Герои Леонова – совестливые люди, они как бы приближают нас к тому самому страданию, о котором поведал миру Ф. М. Достоевский. Жаль, что не было спектакля, где Евгений Павлович мог бы встретиться с героями великого писателя… Но зато были в репертуаре артиста «Иванов» А.П. Чехова, поставленный в 1976 году, «Лекция о вреде табака» – фрагмент из фильма М. Швейцера по ранним рассказам Антона Павловича. Эту киноработу я считаю непревзойденным уроком современного актерского мастерства.
Чаще других Евгений Павлович вспоминал своего учителя М. М. Яншина, его режиссерские и педагогические заповеди, к числу которых относилась и такая сложная для меня позиция: «Тебя вчера проводили со сцены аплодисментами, – говорил мудрый Яншин, – значит, что-то не так. Что-то не в порядке. Надо разобраться, в чем ты ошибся».
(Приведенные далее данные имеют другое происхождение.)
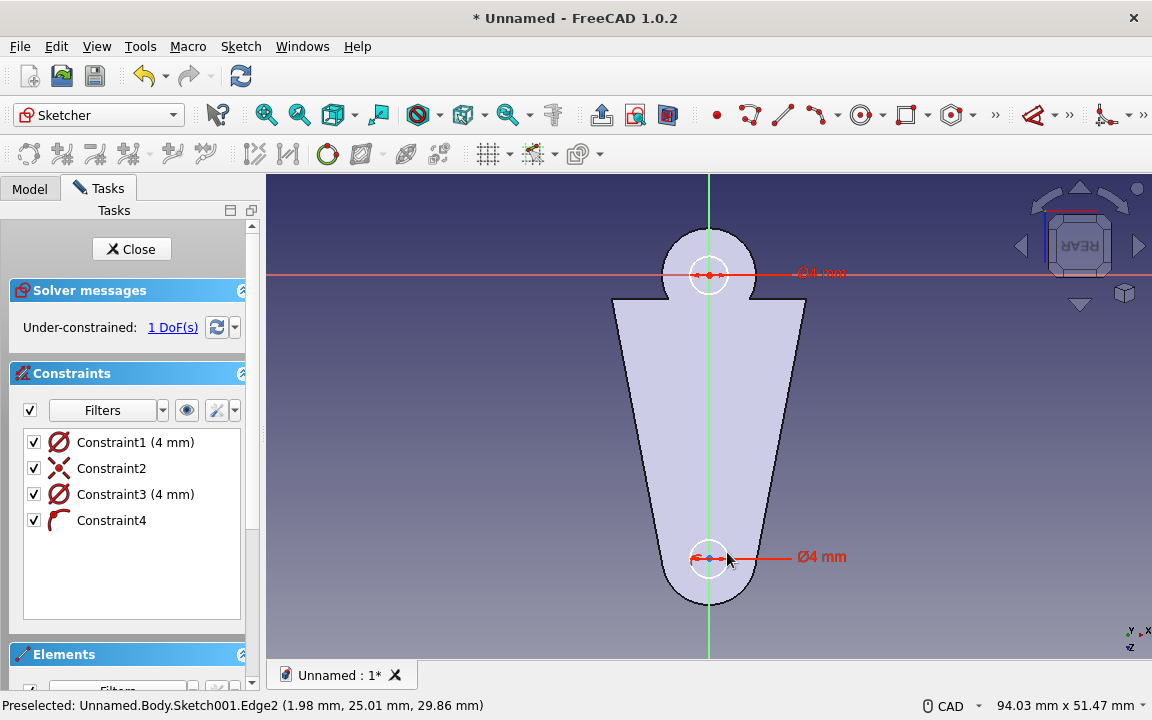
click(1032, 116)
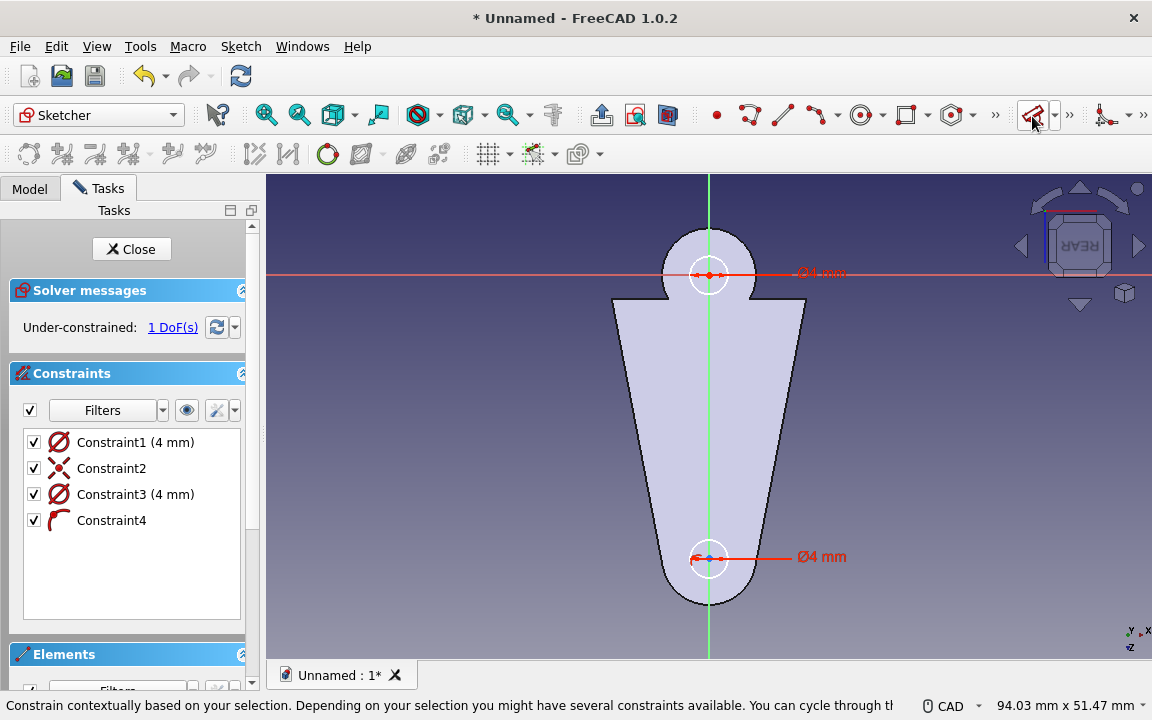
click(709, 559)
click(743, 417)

Всем сердцем понимая справедливость суждения, мне, бывшему актеру, очень трудно распространить эту заповедную позицию на все случаи театральной жизни. Живой театр может возвыситься до кафедры, а сценографические деревяшки обернуться баррикадами, и тогда овация в зале – желанное и необходимое явление.
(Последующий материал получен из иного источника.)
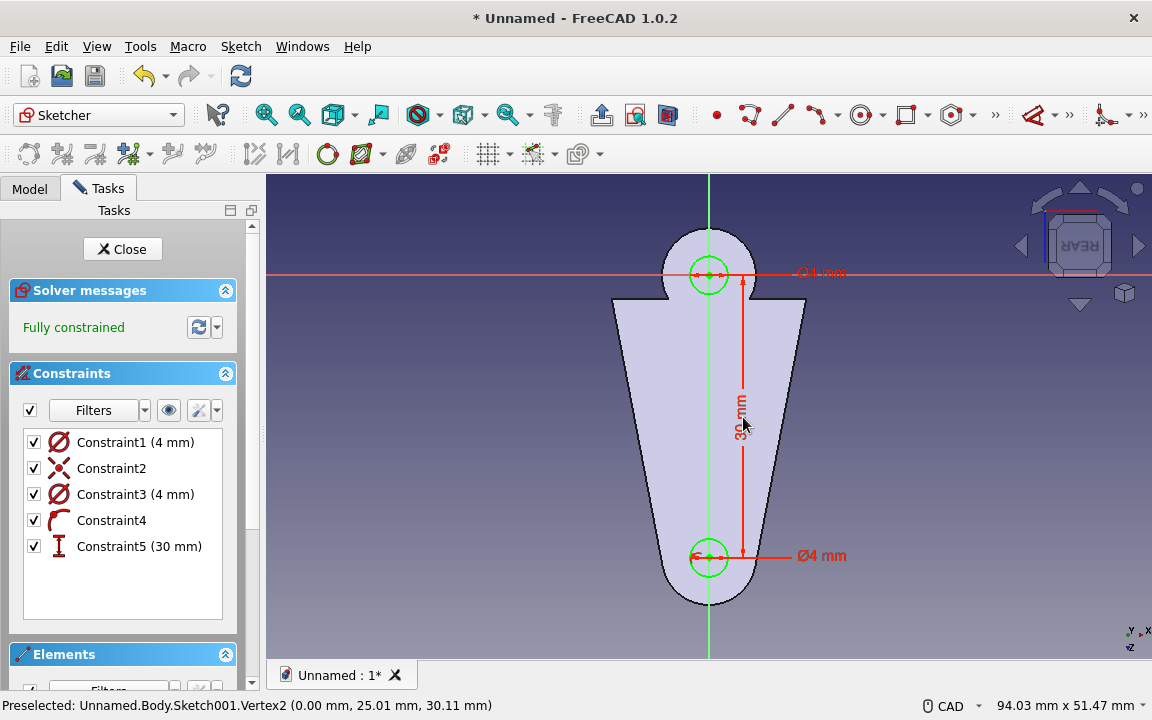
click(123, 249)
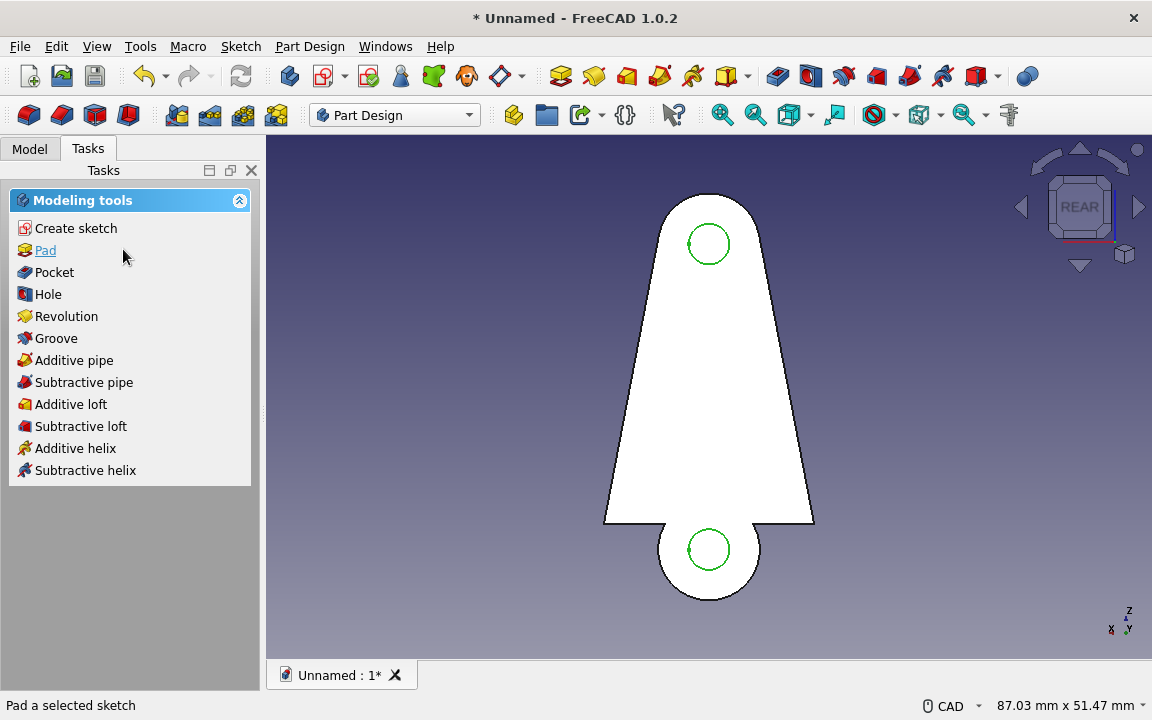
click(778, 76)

Я долгие годы внедрял систему импровизационных действий, непрогнозируемых ударов по зрителю и близстоящему партнеру. Все мои разговоры о «коридоре» роли, о «белых пятнах» в теле спектакля, об обязательных изменениях в актерских приспособлениях упирались в наличие сильного актерского организма.
Ни в коем случае не хочу сказать, что Леонов удовлетворил всем этим режиссерским мечтаниям. Скорее он их во мне воспитал, не один, а в компании с некоторыми другими мастерами театра, где я работаю.
Репетиции спектаклей «Иванов» и «Вор» В. Мысливского, вероятно, важнейший для меня этап. (Я писал эту главу до появления «Поминальной молитвы» – выдающейся работы Артиста.) Евгений Павлович, не подрубая крыльев, весьма уверенно остудил мою режиссерскую прыть, воспротивился некоторым легкомысленным налетам на материал, подарил известный сарказм по поводу частого упоминания вахтанговской формулы «фантастический реализм».
Когда я пренебрегал подробным выявлением действенной первоосновы в том или ином эпизоде, Евгений Павлович всегда осторожно интересовался, уж не фантастический ли это реализм. (Опять!) Приходилось соглашаться: «Он!» И, несмотря на юмористический характер диалога, я чувствовал себя виноватым.